[R] How to combine conditional argument and logical argument in R to create subset of data...

arun smartpink111 at yahoo.com
Thu Mar 7 00:13:58 CET 2013


Hi,
I am not sure I understand it correctly.



In the example you gave, there are duplicated rows in Tem1, ie. (222 6 ), (222 7), (333 11), but these rows are also present in Tem2
Is there any chance of triplicates etc..
Also, you wanted to have rows that are not common in Tem1 and Tem2. ie. (111 1) is the first row in both.
indxTem1<-paste0(Tem1[,1],Tem1[,2])
 indxTem2<-paste0(Tem2[,1],Tem2[,2])


 res<-rbind(Tem1[!indxTem1%in%indxTem2,], Tem1[duplicated(Tem1),]) 
res
res
       V1 V2
# [1,] 333 12
 #[2,] 111 16
 #[3,] 111 17
 #[4,] 111 20
 #[5,] 222 21
 #[6,] 222 22
 #[7,] 222 23
 #[8,] 333  4
 #[9,] 333  5
#[10,] 333  6
#[11,] 333  7
#[12,] 222  6
#[13,] 222  7
#[14,] 333 11

In cases of more replicates (triplicates, etc...) how do you want to process.  Also, here the duplicate rows were found only in Tem1.
A.K.

________________________________
From: HJ YAN <yhj204 at googlemail.com>
To: arun <smartpink111 at yahoo.com> 
Cc: r-help at r-project.org 
Sent: Wednesday, March 6, 2013 5:36 PM
Subject: Re: [R] How to combine conditional argument and logical argument in R to create subset of data...


Hi Arun

Massive thanks for the hints of making use of 'paste0'!

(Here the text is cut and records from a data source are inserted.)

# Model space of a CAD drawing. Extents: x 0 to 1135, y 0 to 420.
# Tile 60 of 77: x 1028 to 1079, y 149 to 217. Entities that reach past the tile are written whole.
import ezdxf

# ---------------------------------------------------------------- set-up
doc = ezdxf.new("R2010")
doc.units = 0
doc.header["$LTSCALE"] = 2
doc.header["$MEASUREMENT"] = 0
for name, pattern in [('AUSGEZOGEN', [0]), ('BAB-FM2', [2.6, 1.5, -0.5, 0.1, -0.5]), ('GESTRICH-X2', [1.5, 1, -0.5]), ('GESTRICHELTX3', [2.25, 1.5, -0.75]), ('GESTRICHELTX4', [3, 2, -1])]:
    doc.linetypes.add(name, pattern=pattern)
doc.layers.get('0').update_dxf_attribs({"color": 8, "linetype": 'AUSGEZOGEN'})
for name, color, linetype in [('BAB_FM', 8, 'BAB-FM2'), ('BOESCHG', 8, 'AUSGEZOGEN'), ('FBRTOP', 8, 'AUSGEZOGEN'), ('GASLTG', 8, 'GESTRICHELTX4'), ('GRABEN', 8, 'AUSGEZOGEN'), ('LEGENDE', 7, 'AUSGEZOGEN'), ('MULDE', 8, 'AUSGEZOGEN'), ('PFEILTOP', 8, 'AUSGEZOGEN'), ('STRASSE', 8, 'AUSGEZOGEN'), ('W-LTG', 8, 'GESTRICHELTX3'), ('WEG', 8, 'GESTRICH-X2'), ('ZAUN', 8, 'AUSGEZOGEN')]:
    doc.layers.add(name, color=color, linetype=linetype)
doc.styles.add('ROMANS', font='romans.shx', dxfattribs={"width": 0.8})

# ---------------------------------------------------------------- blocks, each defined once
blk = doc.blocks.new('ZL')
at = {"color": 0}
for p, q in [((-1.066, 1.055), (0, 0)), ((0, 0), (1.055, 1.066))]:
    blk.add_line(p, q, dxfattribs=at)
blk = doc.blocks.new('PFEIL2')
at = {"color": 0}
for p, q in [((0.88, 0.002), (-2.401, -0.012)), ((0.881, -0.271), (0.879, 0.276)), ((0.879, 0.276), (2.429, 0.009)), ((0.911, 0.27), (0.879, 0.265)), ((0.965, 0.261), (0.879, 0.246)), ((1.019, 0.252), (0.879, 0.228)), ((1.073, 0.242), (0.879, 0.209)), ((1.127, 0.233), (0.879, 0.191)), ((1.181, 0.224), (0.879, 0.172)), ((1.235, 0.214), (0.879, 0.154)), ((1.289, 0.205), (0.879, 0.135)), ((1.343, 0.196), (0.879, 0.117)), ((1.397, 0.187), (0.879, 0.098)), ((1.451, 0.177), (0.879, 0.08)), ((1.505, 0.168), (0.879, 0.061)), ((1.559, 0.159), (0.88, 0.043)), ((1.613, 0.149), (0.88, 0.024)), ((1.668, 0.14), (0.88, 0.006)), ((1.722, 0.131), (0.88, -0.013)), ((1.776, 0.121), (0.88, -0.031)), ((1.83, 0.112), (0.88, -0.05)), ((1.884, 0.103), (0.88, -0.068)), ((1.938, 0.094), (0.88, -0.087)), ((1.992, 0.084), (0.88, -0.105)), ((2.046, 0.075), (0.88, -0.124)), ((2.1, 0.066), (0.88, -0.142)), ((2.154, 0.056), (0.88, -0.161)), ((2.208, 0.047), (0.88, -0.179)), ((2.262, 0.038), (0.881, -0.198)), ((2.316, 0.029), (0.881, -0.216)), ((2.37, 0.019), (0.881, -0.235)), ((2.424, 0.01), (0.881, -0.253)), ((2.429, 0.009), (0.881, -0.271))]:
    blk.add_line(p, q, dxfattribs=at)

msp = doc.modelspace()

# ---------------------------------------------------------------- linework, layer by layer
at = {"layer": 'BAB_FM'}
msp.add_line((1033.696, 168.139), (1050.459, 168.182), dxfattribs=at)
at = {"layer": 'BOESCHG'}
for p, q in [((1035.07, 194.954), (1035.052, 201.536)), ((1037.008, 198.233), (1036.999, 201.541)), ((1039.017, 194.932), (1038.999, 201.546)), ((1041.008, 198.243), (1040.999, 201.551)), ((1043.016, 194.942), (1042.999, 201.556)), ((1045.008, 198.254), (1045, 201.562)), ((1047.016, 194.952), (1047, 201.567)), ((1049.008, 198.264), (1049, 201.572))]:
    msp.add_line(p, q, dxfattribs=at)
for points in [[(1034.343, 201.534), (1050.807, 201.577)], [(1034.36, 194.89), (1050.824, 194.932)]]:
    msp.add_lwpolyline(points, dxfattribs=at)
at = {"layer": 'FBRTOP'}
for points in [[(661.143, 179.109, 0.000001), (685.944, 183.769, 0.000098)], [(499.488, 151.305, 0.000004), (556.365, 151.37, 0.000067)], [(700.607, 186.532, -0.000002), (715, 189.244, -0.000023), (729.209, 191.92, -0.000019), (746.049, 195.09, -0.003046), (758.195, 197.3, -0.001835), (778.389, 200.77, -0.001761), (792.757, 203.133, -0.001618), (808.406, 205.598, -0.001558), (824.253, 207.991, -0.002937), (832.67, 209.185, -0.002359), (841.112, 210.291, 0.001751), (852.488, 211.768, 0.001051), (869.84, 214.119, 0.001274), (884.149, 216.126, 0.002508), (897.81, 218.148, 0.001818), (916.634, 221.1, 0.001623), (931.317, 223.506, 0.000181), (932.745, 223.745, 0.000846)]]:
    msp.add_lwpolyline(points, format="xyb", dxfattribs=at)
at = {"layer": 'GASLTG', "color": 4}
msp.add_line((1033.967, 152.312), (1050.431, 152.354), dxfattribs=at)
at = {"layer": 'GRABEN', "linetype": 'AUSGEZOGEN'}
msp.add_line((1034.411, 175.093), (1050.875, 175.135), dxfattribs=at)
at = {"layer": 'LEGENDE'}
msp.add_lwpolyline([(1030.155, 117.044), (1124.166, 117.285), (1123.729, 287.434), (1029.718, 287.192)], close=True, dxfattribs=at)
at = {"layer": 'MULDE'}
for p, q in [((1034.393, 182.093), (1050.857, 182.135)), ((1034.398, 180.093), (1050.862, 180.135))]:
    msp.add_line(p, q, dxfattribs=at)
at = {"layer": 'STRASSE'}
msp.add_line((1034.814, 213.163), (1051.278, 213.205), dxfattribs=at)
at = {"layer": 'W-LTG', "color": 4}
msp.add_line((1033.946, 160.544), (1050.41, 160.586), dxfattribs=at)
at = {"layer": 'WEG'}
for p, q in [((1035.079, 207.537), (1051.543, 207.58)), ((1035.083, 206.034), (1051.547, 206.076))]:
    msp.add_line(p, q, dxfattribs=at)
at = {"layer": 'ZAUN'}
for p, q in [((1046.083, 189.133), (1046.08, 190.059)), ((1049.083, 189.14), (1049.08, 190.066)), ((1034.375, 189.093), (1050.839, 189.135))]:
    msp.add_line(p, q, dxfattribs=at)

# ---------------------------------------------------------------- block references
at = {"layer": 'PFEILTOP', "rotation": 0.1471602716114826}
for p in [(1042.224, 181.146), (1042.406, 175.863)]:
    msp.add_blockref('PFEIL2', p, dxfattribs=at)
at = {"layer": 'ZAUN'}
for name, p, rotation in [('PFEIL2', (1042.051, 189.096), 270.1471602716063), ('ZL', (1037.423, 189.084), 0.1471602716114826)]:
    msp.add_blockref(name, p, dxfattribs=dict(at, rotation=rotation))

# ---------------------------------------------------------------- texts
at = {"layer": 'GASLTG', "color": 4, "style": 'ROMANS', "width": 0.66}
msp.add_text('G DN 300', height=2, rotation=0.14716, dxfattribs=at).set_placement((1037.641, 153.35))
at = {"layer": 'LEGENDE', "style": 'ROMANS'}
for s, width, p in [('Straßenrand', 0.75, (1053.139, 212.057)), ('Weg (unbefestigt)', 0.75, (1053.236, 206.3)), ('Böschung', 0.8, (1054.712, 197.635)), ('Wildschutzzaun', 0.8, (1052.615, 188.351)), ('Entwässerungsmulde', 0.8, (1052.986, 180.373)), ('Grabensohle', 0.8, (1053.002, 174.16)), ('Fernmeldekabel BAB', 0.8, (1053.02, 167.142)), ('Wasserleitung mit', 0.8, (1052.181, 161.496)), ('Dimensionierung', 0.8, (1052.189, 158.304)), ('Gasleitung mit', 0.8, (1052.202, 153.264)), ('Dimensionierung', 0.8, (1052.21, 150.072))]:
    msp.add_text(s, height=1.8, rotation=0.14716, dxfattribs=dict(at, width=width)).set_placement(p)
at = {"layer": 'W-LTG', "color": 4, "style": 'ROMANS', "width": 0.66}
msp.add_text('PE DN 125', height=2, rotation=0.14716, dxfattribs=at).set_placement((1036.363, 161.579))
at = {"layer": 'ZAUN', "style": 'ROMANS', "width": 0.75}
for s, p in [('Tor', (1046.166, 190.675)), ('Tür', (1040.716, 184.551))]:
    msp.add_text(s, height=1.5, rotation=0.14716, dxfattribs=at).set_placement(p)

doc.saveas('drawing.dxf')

But coincidentally there were no pair of data exactly same in indxTem1 and indxTem2 in the previous example. I changed data as below which is very likely to be in my real data...


V1<-rep(c(rep(111,5),rep(222,5),rep(333,5)),2)  # V1 here are some data index with lots of repeated numeric values
V2<-c(1:23, 6,7,11,4,5,6,7)  # there are also duplicated values in V2
Tem1<-cbind(V1,V2)
Tem2<-Tem1[c(1:11,13:15,18:19),] # I know that Tem2 is a subset of Tem1...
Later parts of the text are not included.